• EXERCISE BRIEF: When a line in the entries below contains the word "each", copy that line.

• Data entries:
- - -
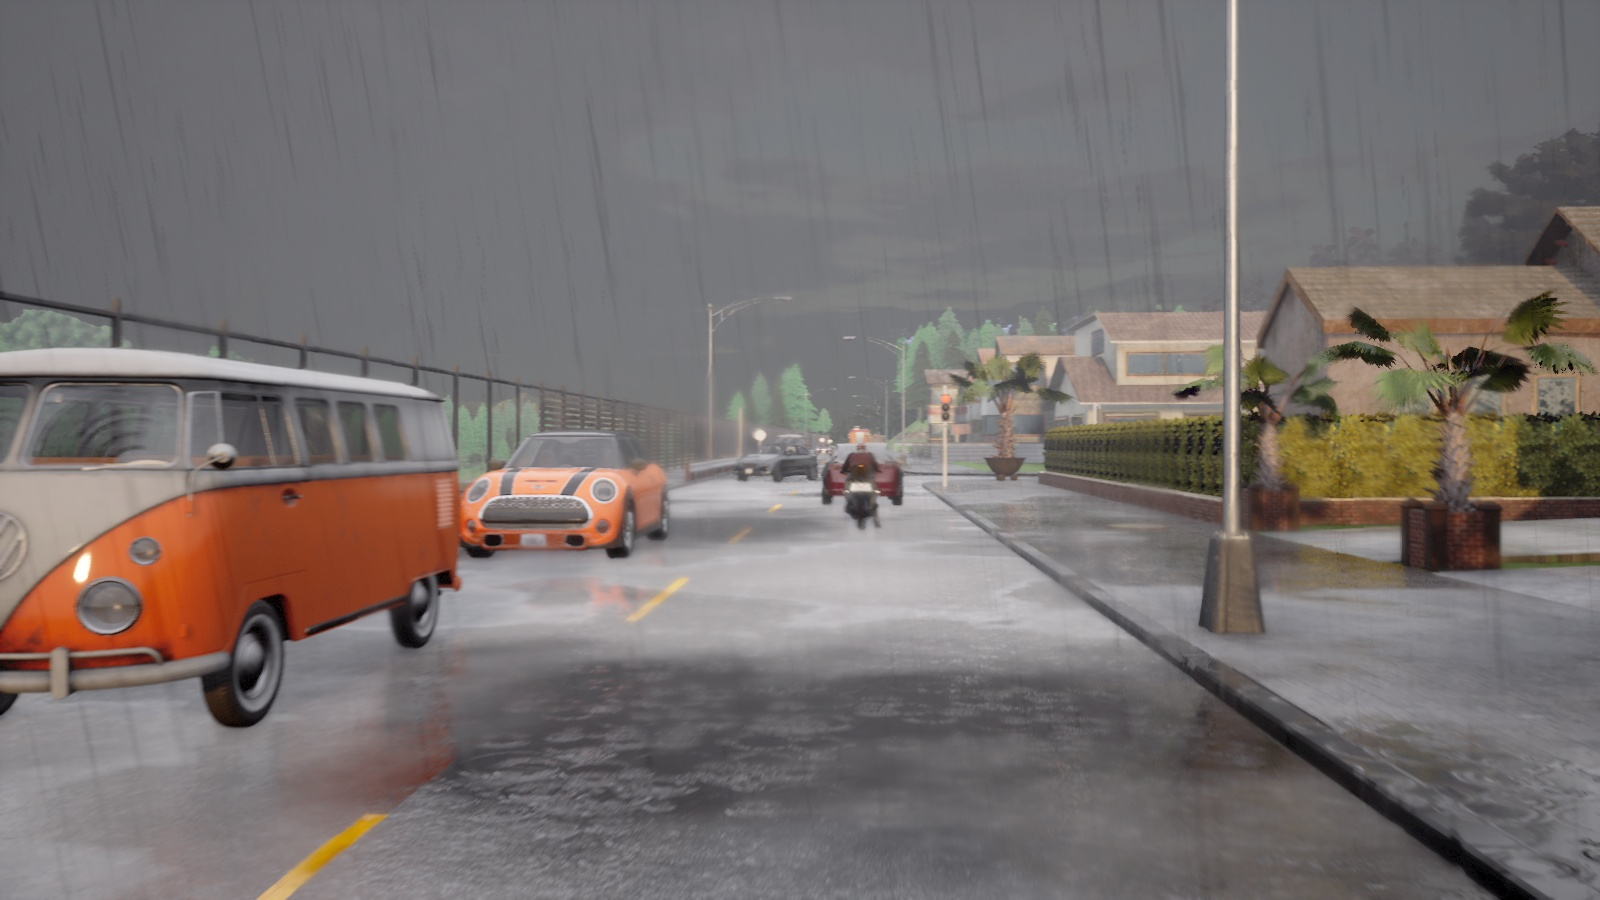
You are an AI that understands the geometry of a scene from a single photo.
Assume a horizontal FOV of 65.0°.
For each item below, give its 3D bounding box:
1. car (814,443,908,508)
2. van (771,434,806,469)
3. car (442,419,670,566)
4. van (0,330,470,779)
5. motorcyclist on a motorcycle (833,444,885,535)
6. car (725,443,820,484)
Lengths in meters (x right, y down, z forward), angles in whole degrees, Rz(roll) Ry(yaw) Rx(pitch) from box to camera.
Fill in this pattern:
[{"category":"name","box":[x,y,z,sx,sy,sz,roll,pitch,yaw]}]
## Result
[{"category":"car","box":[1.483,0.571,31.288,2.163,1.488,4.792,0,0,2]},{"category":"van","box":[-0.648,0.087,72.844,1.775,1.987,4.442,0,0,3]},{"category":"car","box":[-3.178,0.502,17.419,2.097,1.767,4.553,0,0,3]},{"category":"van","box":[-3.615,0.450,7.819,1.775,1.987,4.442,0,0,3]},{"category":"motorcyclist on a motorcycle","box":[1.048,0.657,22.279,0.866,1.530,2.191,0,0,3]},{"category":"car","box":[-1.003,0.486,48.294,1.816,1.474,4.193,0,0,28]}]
- - -
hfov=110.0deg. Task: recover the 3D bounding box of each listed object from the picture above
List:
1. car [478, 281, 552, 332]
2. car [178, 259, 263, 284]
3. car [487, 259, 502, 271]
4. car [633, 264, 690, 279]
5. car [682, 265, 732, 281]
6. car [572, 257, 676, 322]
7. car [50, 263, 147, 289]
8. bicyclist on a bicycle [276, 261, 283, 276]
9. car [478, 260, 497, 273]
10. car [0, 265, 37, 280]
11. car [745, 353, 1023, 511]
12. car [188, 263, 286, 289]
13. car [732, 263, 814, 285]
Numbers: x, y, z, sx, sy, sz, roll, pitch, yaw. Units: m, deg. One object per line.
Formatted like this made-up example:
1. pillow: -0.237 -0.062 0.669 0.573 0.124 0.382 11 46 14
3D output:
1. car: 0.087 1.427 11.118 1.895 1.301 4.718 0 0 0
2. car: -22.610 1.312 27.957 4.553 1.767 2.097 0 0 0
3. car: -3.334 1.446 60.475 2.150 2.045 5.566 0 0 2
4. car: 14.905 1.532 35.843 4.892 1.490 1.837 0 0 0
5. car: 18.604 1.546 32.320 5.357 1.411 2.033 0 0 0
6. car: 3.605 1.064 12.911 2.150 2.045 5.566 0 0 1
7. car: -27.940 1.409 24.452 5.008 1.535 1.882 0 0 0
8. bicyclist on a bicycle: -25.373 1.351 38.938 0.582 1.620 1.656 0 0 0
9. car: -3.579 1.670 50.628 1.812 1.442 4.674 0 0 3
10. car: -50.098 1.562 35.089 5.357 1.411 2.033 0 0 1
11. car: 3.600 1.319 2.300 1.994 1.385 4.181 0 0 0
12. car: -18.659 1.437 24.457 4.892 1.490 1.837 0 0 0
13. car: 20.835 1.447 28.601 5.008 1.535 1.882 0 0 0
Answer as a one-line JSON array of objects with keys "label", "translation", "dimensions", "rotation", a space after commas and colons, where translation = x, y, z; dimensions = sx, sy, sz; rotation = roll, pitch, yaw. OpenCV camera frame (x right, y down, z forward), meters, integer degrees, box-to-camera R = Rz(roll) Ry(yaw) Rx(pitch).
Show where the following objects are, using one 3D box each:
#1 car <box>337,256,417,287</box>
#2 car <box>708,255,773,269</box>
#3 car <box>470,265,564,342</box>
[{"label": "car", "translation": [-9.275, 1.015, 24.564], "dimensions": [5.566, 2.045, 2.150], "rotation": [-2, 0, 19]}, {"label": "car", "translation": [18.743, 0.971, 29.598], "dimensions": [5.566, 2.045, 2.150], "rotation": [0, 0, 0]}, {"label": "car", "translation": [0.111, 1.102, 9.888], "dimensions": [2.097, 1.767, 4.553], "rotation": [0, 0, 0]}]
- - -
• SOLUTION BELOW:
For each item below, give its 3D bounding box:
hfov=110.0deg. Task: recover the 3D bounding box of each listed object from the picture above
Show where the following objects are, using one 3D box each:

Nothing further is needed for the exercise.